I did this a while ago and ended up going back to Megs LT because it was better than anything i tried and i tried alot


----------



## WHIZZER (Oct 25, 2005)

Z6/Z8 are great - BSD might be worth a try - 425 is a good QD


----------



## MDC250 (Jan 4, 2014)

Britemax Spray & Shine or was impressed with ease of use of Infinity Wax Detailer Spray. Both are cracking value and so quick and easy to use.


----------



## tossi (Sep 22, 2009)

Yes the Z8 is going to be way to experience. How does BSD work as a drying aid? From what i can understand its more like a spray sealant product, or i might be wrong?


----------



## MAXI-MILAN (Oct 26, 2008)

+1 Britemax Spray & Shine , gives nuba finish , quick and easy.


----------



## FallenAngel (Oct 24, 2015)

Serious Performance Ultra Gloss Show Detailer V3. Available in 250ml concentrate which will get you 1 gallon of ready to use mix. I use it as a drying aid, does a great job, never smears it just melts into the paint. You can even layer it, and to be honest it's the only detailer which added visual gloss to my car after using it as a drying aid then one more coat to finish it off. try it you wont be dissapointed. :thumb::thumb:


----------



## WHIZZER (Oct 25, 2005)

Actually what about a Wetcoat type product ? Nanolex Washcoat , Gyeon Q2m wetcoat ,AUTOGLANZ HYD-RE-SEAL

other products Chemical Guys AFTER WASH Shine While You Dry ,Dodo Juice - Time to Dry, or even demonshine


----------



## tossi (Sep 22, 2009)

I have Q2M wetcoat and its a great in between waxes product, but its a double process, since it has to go on a wet car and then be rinsed off. 

I much more prefer a QD(drying aid) that i spray on the wet car and then it instantly repel water making a way easier to dry but still adding a bit more gloss/protection than just whats in the soap. Have tried Time to dry but wasnt that impressed with the finish/gloss, but maybe CG AFter wash wouæld be worth a try


----------



## dionbee93 (Aug 11, 2008)

I use Autosmart Tango for this exact purpose - spray on wet car and leave to dry for a bit and then wipe off. Awsome Stuff and only £20 for a gallon. 

Dion.


----------



## euge07 (Jan 15, 2011)

dionbee93 said:


> I use Autosmart Tango for this exact purpose - spray on wet car and leave to dry for a bit and then wipe off. Awsome Stuff and only £20 for a gallon.
> 
> Dion.


from what I gather tango is best applied and then rinsed off again and then the car is dried?


----------



## euge07 (Jan 15, 2011)

also from my reading on here alot of people reckon the best quick detailer is a mix of bsd and chemical guys v7, hope this helps


----------



## Brian1612 (Apr 5, 2015)

Plenty of good ones out there in all honesty. Of the ones I have tried, I would suggest Spray & shine, adams or Lucas Oil Slick Mist (Personal favorite) if you plan to use during the drying process.


----------



## Leebo310 (Sep 30, 2013)

WHIZZER said:


> other products Chemical Guys AFTER WASH


Maybe it was just me but this is quite possibly the most disappointing product I've ever used. 
Was expecting big things but wasn't impressed at all.
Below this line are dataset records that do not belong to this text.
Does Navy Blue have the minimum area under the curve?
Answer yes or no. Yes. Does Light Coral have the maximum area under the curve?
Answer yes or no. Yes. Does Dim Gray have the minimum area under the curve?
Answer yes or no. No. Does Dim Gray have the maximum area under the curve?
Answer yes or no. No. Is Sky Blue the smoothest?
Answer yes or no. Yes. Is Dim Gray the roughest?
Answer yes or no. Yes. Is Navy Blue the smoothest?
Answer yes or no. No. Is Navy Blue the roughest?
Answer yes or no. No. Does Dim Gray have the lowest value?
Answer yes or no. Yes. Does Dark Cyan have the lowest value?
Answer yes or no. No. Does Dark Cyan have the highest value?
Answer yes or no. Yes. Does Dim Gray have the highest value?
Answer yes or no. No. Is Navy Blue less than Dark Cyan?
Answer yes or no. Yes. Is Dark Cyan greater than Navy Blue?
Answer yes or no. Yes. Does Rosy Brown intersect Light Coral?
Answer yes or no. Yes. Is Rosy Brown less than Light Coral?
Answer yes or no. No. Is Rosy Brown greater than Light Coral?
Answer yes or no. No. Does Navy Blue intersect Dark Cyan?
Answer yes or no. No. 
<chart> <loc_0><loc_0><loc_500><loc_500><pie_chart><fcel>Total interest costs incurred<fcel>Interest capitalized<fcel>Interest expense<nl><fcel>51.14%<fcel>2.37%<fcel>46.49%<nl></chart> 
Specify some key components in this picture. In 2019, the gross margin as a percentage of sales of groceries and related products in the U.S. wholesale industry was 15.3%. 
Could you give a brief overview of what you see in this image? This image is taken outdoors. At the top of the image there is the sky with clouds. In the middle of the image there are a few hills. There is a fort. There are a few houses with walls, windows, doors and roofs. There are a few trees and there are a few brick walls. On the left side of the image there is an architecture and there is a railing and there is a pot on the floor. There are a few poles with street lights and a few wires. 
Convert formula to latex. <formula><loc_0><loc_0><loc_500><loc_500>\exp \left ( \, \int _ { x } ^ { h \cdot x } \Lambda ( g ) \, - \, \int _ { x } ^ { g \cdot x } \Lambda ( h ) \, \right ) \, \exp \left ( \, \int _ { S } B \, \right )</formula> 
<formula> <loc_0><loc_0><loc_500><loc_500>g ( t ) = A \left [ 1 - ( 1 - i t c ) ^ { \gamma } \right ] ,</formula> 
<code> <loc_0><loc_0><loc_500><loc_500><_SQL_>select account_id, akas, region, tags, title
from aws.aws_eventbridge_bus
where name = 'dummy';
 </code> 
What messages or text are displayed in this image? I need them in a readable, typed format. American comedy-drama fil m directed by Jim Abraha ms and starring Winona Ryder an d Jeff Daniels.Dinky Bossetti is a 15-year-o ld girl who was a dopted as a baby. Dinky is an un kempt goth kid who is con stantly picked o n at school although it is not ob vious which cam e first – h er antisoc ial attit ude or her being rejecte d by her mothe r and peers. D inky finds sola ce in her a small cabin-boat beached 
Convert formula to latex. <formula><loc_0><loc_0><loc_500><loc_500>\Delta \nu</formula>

For genuine QD BSD would get my vote, followed by either AF Finale or AW QED.
Almost forgot but Finish Kare #425 - Ultra Slick Polywipe is also amazing. Doesn't get much publicity on here but it's a very good product


----------



## liav24 (Oct 28, 2014)

euge07 said:


> also from my reading on here alot of people reckon the best quick detailer is a mix of bsd and chemical guys v7, hope this helps


Boom +1
My fav too.

I have meg's LT and its really nice and easy to use too


----------



## Kimo (Jun 7, 2013)

Zaino z6 and z8 are incredible

Don't be put off by the price

One squirt of either of them does what 3 squirts of cheaper do, so there actually cheaper ...


----------



## Kimo (Jun 7, 2013)

Leebo310 said:


> Maybe it was just me but this is quite possibly the most disappointing product I've ever used.
> Was expecting big things but wasn't impressed at all.
> 
> For genuine QD BSD would get my vote, followed by either AF Finale or AW QED.
> Almost forgot but Finish Kare #425 - Ultra Slick Polywipe is also amazing. Doesn't get much publicity on here but it's a very good product


Same

Over priced and shocking was after wash


----------



## LewisChadwick7 (Aug 22, 2014)

adams detail spray does it for me or sonax BSD


----------



## tosh (Dec 30, 2005)

I would pick up a Gallon of Sonax BSD and a gallon of CG V7 - then you've got three QDs:
- BSD on it's own
- V7 on it's own
- BSD/V7 50:50 mix

If you want a nice warm glow though, either Adams QD or CG Speed Wipe gets my vote.


----------



## wilbz11 (Jun 23, 2006)

Out of all the ones I have tried my top 3 are M&K QD, Z8, Megs last touch.


----------



## Sam6er (Apr 3, 2016)

BH auto qd is what i reach for now. Dilutable to suit your needs from anything ranging from 20:1 to 1:1. Iv mixed up a batch 5:1 and cant fault it.


----------



## alfajim (May 4, 2011)

if i'm just drying then i use some demonshine diluted with barrel water.
if i want to give it something extra then the aquawax or bsd comes out.


----------



## fethead (May 12, 2007)

M&K QD...its the best I've used for all round ability.

Richard


----------



## JMorty (Apr 25, 2011)

Always Meguires Last Touch. Must be 25L in and still love it


----------



## Dougnorwich (Jun 27, 2014)

Bouncers d&d I keep going back to it

Gtechniq qd too it's very underrated and comes in big containers too

M&k not that impressed

Z8 epic but I use that for special occasions


----------



## tossi (Sep 22, 2009)

Leebo310 said:


> Maybe it was just me but this is quite possibly the most disappointing product I've ever used.
> Was expecting big things but wasn't impressed at all.
> 
> For genuine QD BSD would get my vote, followed by either AF Finale or AW QED.
> Almost forgot but Finish Kare #425 - Ultra Slick Polywipe is also amazing. Doesn't get much publicity on here but it's a very good product


Finish Kare is an awesome QD, have used it a ton in the past, but wanted to try something new instead of #425 and CG Speedwipe  So im going to give BSD a go and was considering to try out after wash as well. But what was that disappointed you with it?


----------



## galamaa (Aug 3, 2014)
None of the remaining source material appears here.